Ana was alarmed by the poor air quality and confirmed the information I had.  New Jersey Governor Christie Todd Whitman and Mayor Giuliani had provided alternative facts. The masks provided to protect ground zero first responders and workers were of Holloween mask quality. Honored journalist Juan Gonzales reported on the danger with those findings in the Daily News. Complaints went unanswered.  No one acted. The responders continue to suffer greatly and die horrible deaths because of official negligence.  The Senate tried to stop new funding two years ago until Jon Stewart and a dying policeman appeared before Congress. Today, it was reported that the current administration had siphoned off that money for other uses; no details yet today.

In 2020, as we face the Covid-19 pandemic, Todd Whitman and Giuliani remain untouched by the masks and other horrors. Giuliani’s strong presence and our sudden fear of change captivated the press who called him, “America’s Mayor.” The scandals continued as he nominated his buddy Bernick Kerick to head the newly formed be Department of Homeland Security. A security review landed Kerick in jail as the prison named in his honor took the sign down.  President Trump pardoned him.

My apartment overlooked a the glowing Spanish tile roof of Inwood’s Church of the Good Shepherd, the home of too many funerals which now has a garden with enameled forever portraits of lost firefighters and policemen and a cross made of medal from the Towers. Street naming ceremonies were ongoing as fire houses displayed photos of their lost brothers for a year. The grief for Fr. Mychal Judge, the fire department chaplain who became the first certified fatality was palpable. He had been killed by a jumper while giving last rites to a fallen firefighter.

We each navigated the return to a semblance of normalcy. The banks opened again. Once empty supermarkers were filled. With no work, entrepreneurs met to set up barter and business sharing arrangements. Many of us continued to take public transportation while others refused. People panicked from loud noises.  They greeted each other with, “So where were you?  Do you use the subway or buses?” Survivor guilt was rampant.

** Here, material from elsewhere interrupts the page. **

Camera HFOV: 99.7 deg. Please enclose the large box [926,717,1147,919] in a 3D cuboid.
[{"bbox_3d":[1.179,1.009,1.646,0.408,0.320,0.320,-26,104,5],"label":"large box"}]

Luis and I created an experiential, art and photography project.  We visited our favorite sites and declared that "we were taking our city back."  

That first month, churches and synagogues added services as lines wrapped around the street corners. At Marble, we immediately gathered with local Imams to pray for peace, unity and justice. Sister Carol spoke with everyone that we never know if our own lives will last an hour, a day, a month, or a long time.  She challenged us to make a decision: Do you want to live that time depressed or experiencing a full life?”  That still guides me today.

Every New Years Eve, journalist Harry Smith and top Broadway stars performed at the world’s largest Cathedral St. John the Devine for hundreds of families who then joined a candlelight procession. And, each year, Smith ominously asked, “Will they come back?”

 
Someday I will share funny remembrances like the hysterical young guy on line who wanted to meet me because he had never communicated with a person who seemed to have lived so long.